籠いっぱいに収穫した野菜を前に、王女様が手を上げた。


「よし。じゃあかえろ~」

「はーい」


返事をして、私は空を見上げる。もう日は沈んだあとみたいで、空と地上の境界線あたりに青や紫が滲んでいる。とっても綺麗だ。王城にやって来てから……ううん、王都に戻って来てから、じっくり空を見ることなんてなかった。心の余裕も時間もなかったから。


ちょっとばかり感傷的になって、ぼんやりしていた私は、何やらコソコソしている気配を感じ取って我に返った。見遣れば、王女様と先輩が耳打ちしている。

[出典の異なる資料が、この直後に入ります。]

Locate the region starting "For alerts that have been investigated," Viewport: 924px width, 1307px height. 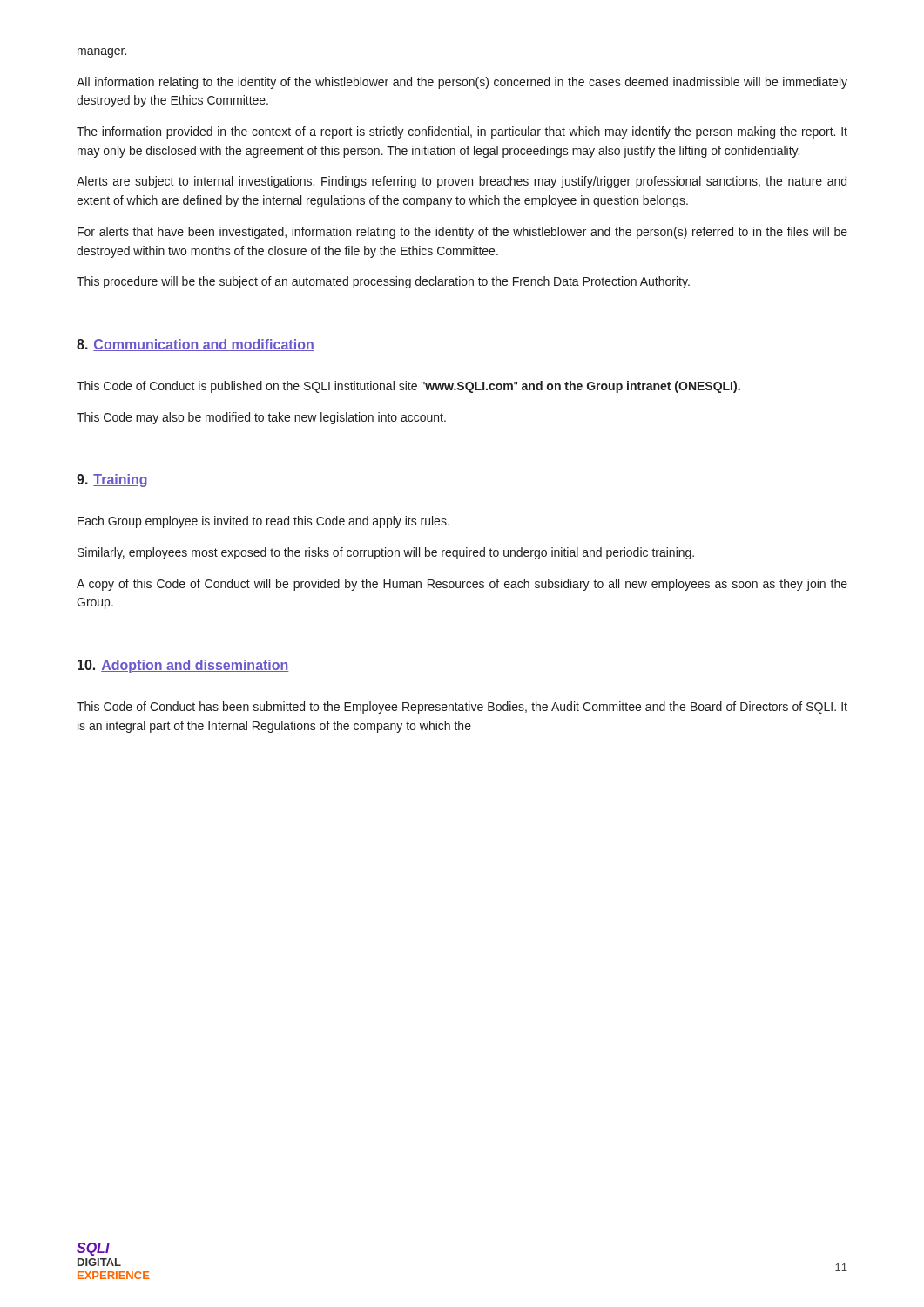[462, 242]

何を話してるんだろう、と私が口を開きかけた時だ。王女様が握った手を差し出して言った。


「あのね、クロ。

 いいものあげる~」

「え、っと……はぁ……」


王女様の背後にいる先輩の顔が気になるけど、私は言われるがまま小さな手の中にあるらしい物を受け取ろうと手を差し出す。


「どーぞ」


可愛らしい声と共に渡されたのは――――


「――――っ、あっ……」


息を飲むほどに綺麗な緑色の……。


「あおむしぃぃぃっ!

 いやぁぁぁぁっ!!」




そのあと、しばらくの記憶がないのは仕方がないと思うんだ。王女様の話では、「クロがなげたらね、あおむしさん、はたけにとんでったわよ」らしいけど。

ていうか、王女様をけしかけてイラズラするなんてズルイです。先輩。